発注する人が何も考えなくていい分、後者のやりかたのほうが、 結果が出るのは圧倒的に早い。その技術領域に「競争」が保たれているのであれば、 変化は劇的なものになるかもしれない。

プロセッサーのこと

以下しばらく、適当な理解の上にうろ覚え。間違いのご指摘をいただければ幸いです…。

コンピューター神の一人、D.クヌースがプロセッサーを設計する仕事をしていたとき、 一つの計算に対して、CPU 内の全ての計算機を動作させたときのほうが、 必要な計算機だけを動作させたときよりも、動作が圧倒的に速かったことに気がついたのだという。

CPU 内には、乗算器であったり、加算器であったり、無数の計算ユニットがあって、 2つの数を足したいときには もちろん加算器だけを動作されればいい。ところがこのやりかたには問題があって、加算器だけ 動かして、乗算器に「お前は休め」という命令をくっつけるコストが莫大になってしまって、 速度が上がらない。

「計算機的に正しいやりかた」は、2つの数が入力されたら、とりあえずCPU内の全ての計算機が 計算プロセスを走らせる。出力には加算を行った結果、乗算を行った結果など、 いろんなデータが出てくるけれど、もちろん必要な結果以外は全て破棄される。 一つの刺激でものすごい数の脳細胞が働く、人間の脳にどこか似ている。

こんなやりかたをすると、必要な計算を行った以外の計算機は全て無駄足を踏むのだけれど、 計算のスピードは圧倒的に速くなって、結局プロセッサーを停止させる命令は 組み込まなかったのだという。

道徳的な美しさと計算的な美しさ

門外漢から見ると、こんなやりかたは無駄が多くて、何となく「美しくない」。

どんな正しさが美しいと感じられるのか?。

たぶんこれには一般解がある。

技術の黎明期には、もちろん発想の正しさ。技術がまだまだコスト高で、 その技術を遣っていること自体が売りになっていた時代には、たぶん美しく見えたのは、 プロセスの正しさ。 技術がもっと進化して、それがあって当たり前になってしまうと、 たぶんプロセスの正しさなんか評価されなくなってしまって、「結果の正しさ」こそが美しいと 評価されるようになる。

プロセッサーを設計する人達、あるいはプログラムを組む人達にもきっと美的な感覚というものが あるのだろうけれど、自分達の成果物に対して、「道徳的な美しさ」と「経済的な美しさ」とが コンフリクトおこすことはないんだろうか?

医療の分野なんかだと、たとえば抗生物質の選択。

自分達が研修医だった頃は、「正しく診断して、正しい抗生物質を使いましょう」なんて教わった。

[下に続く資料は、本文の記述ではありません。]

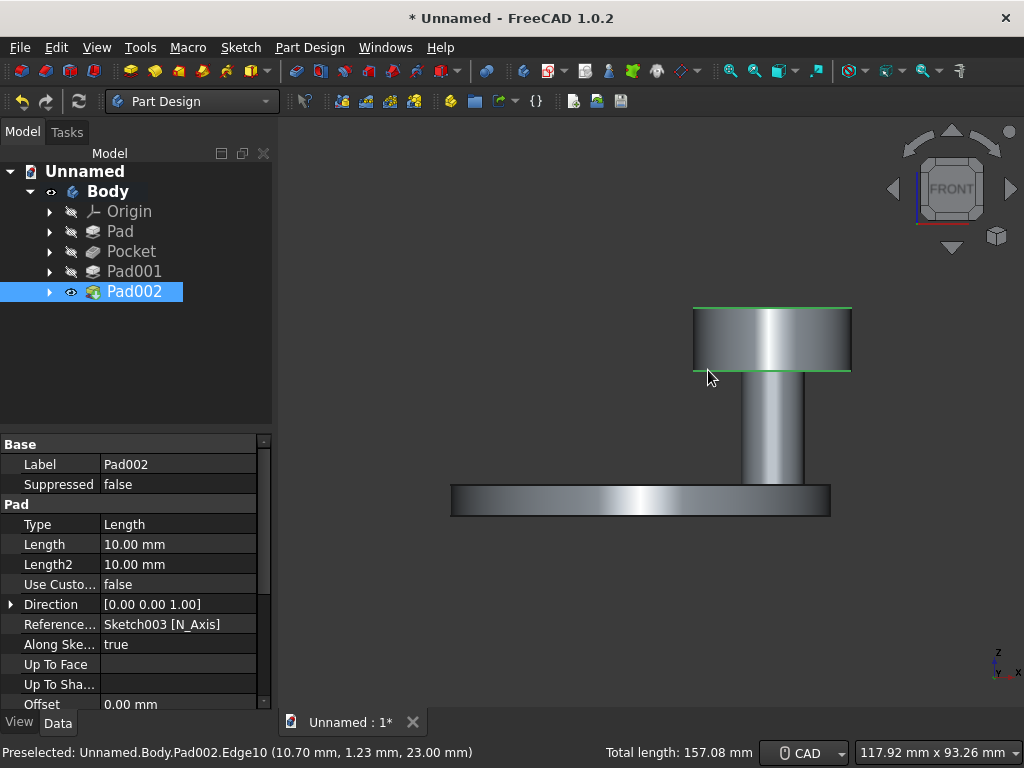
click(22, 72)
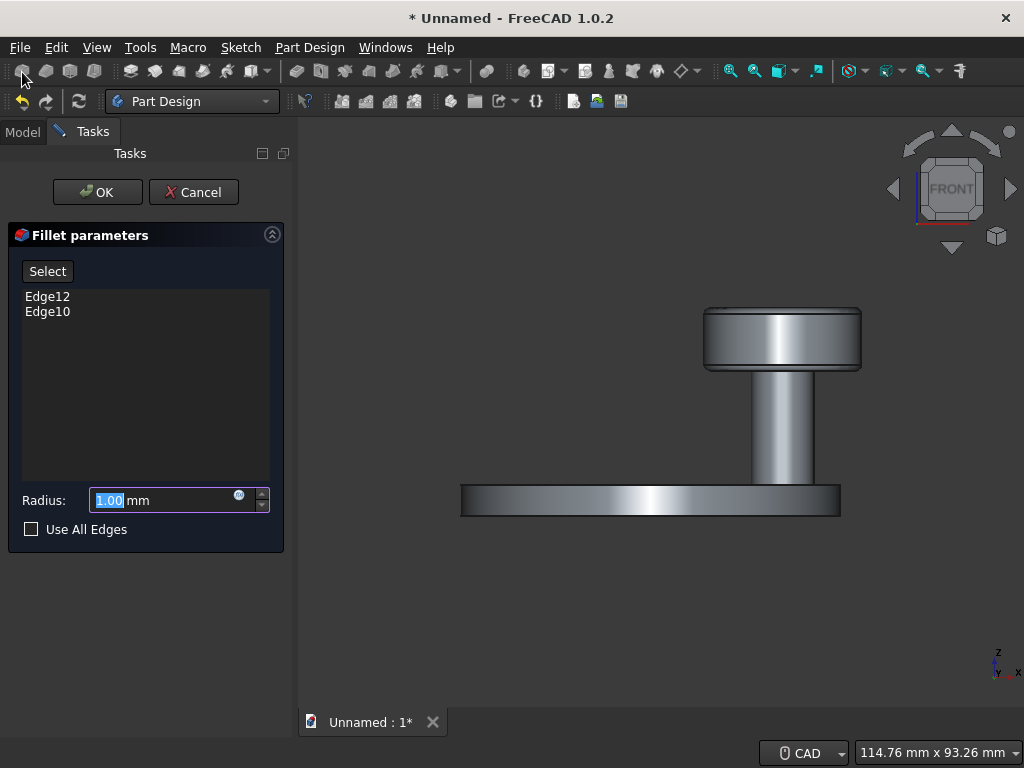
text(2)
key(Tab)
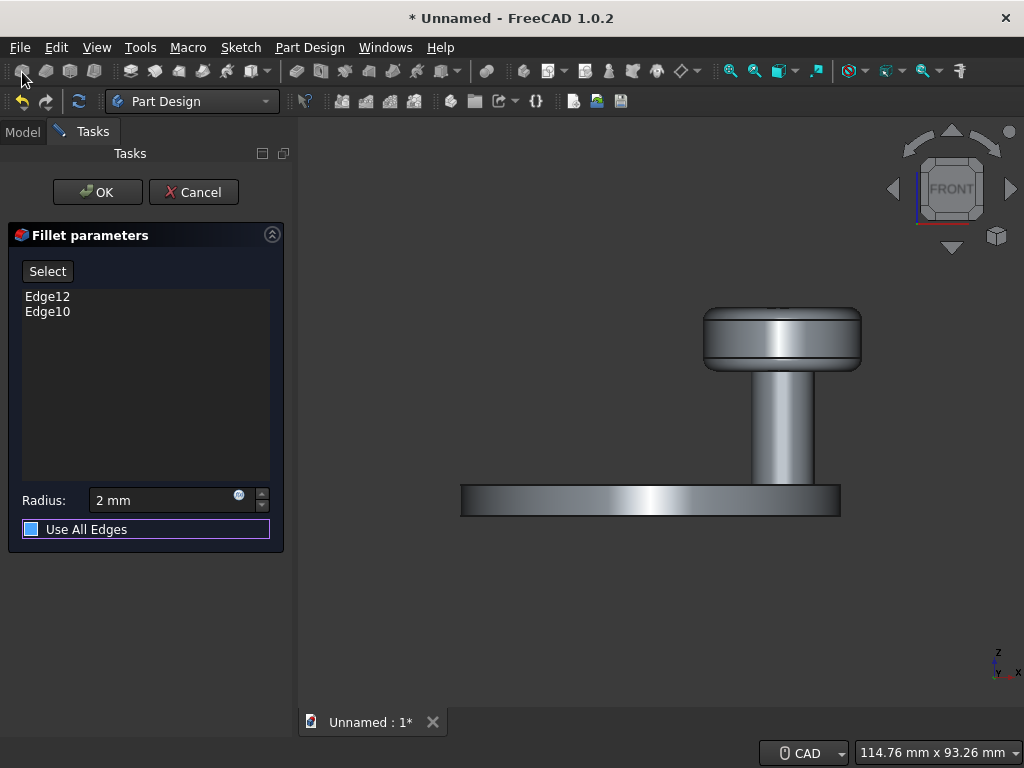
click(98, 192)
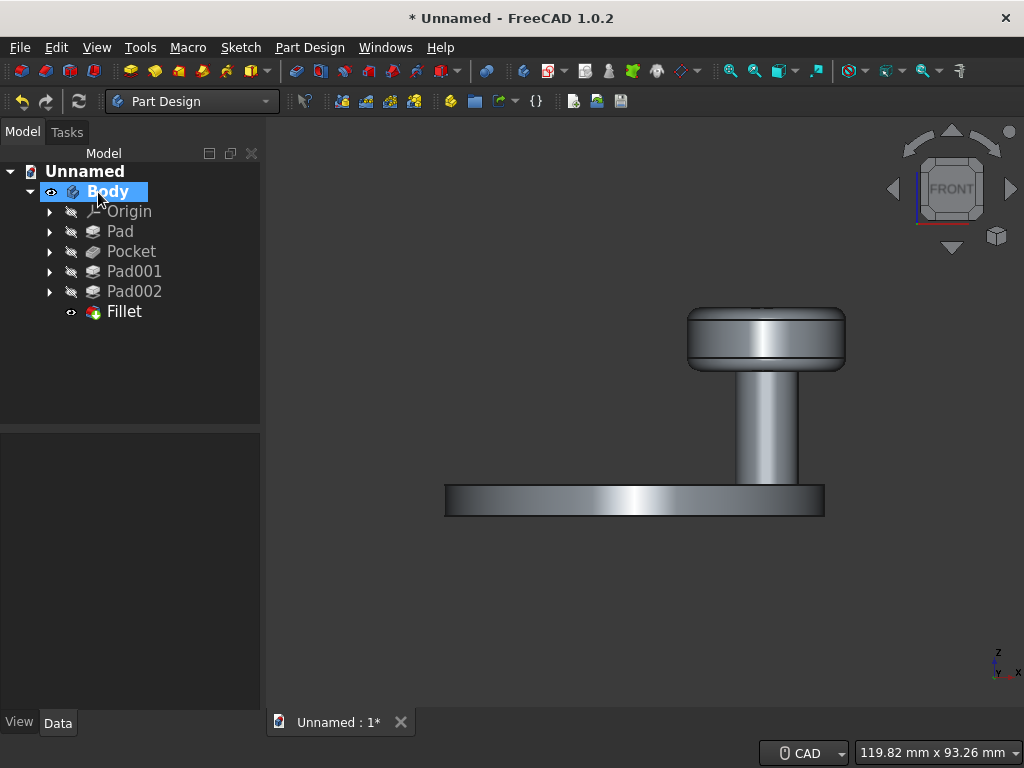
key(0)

熱が出ている。状態も悪そう。とりあえず、何でもいいから抗生剤使いたい。 こんなときに「とりあえず」なんてやったらむちゃくちゃ怒られて、 まずは話を聞いて診察をして、それから検査やら、培養やら、グラム染色やらを一通り行って、 それからはじめて適切な抗生物質を考えて、点滴をする。大体2 時間。

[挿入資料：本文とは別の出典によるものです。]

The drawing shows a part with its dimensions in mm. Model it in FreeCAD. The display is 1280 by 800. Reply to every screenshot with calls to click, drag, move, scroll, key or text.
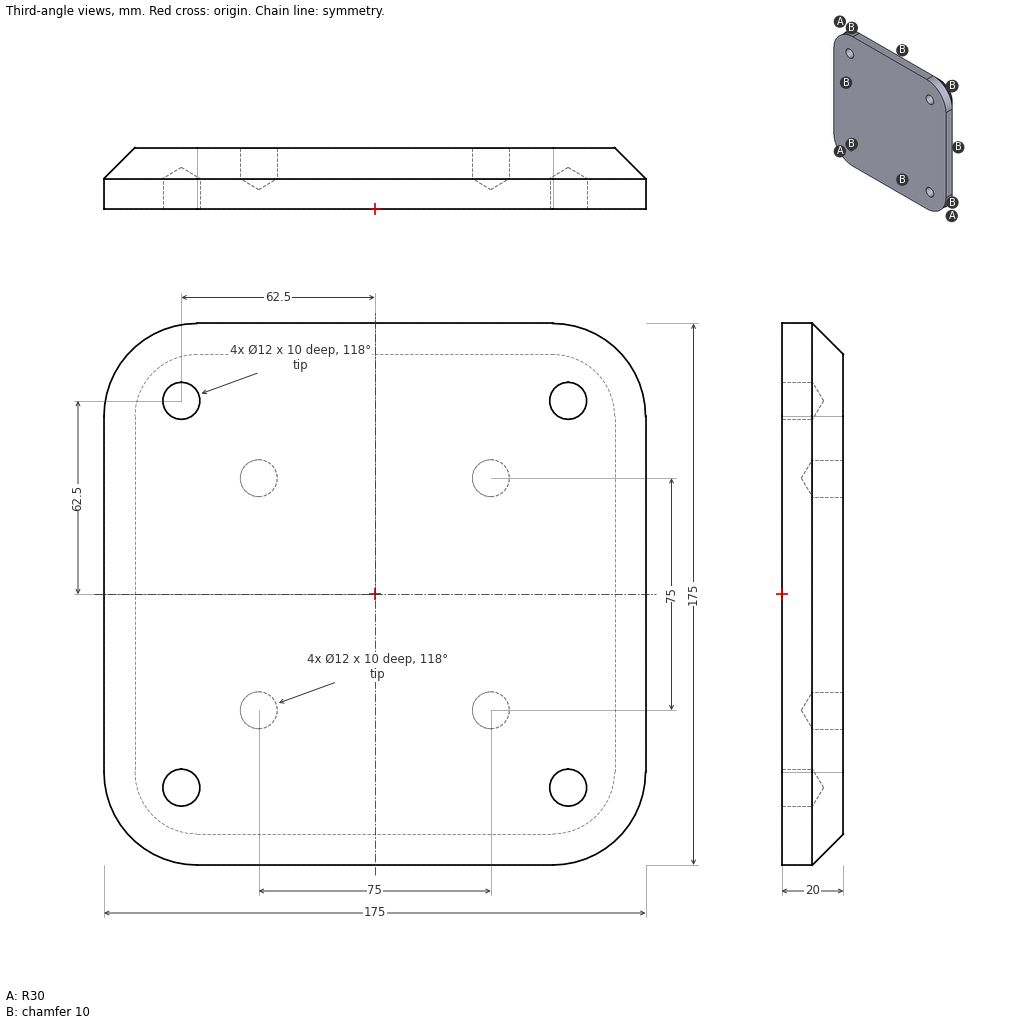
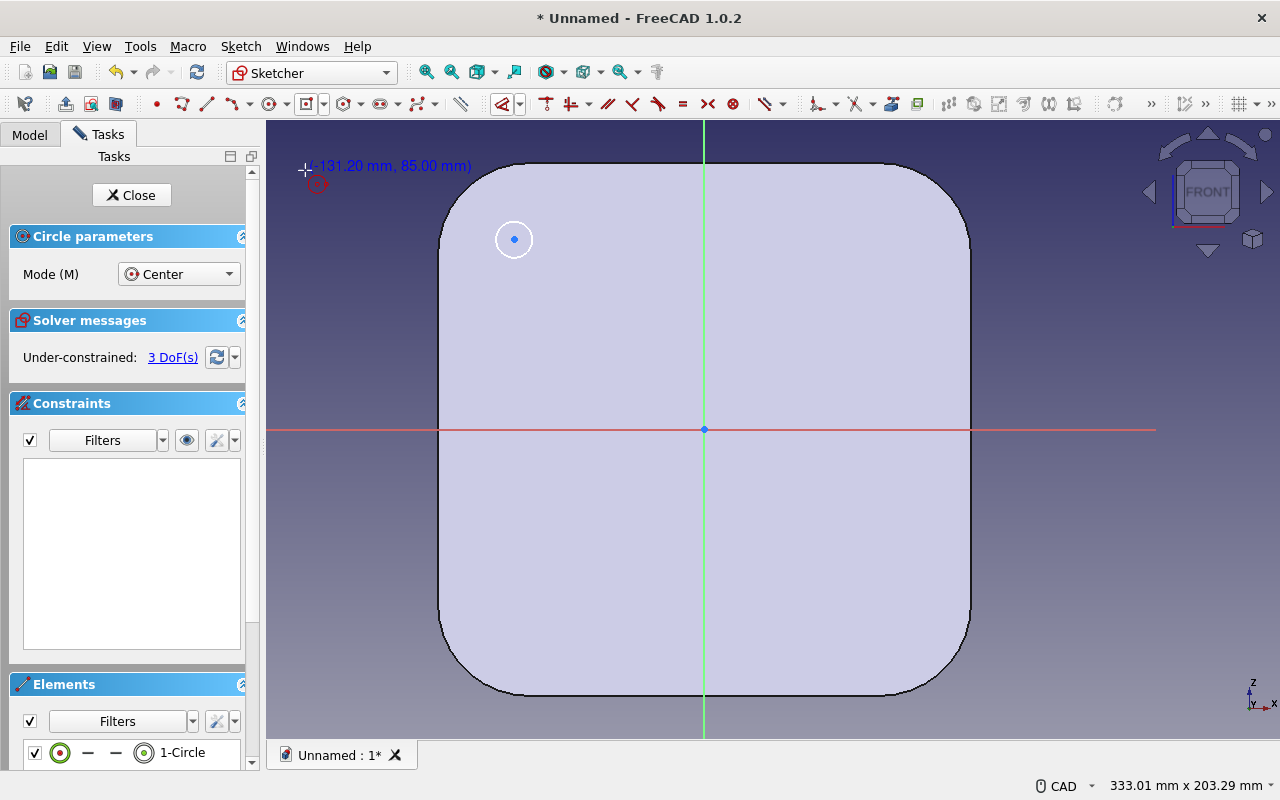
scroll(895, 239, up, 2)

時は流れて、「細菌は待ってくれない」なんて当たり前の結果が論文に乗っかって、 今ではなるべく早くに抗生剤を使いましょうなんてガイドラインに書かれるように なったけれど、「正しいやりかた」の手順は昔のまま。

自分だって「正しいやりかた」のほうを美しいと感じるセンスが残っていて、 挨拶もそこそこに抗生剤落として、それから考える自分のやりかたは、 やっぱり「汚いやりかた」なんだと思ってしまう。いつかこれが主流になると信じてるけど。

あいまいなものをあいまいに処理するやりかた

物事を前に進める「科学」と、科学者が作った成果物を実世界に応用した「技術」と。

技術はきっと、「扱う問題の複雑さ」と、「問題を解決するのに必要な理解の深さ」で いくつかに分類できる。

医療なんかはたぶん、問題は常にあいまいで、問題の解決には、もしかしたら 医学に関する深い理解は必ずし必要としない。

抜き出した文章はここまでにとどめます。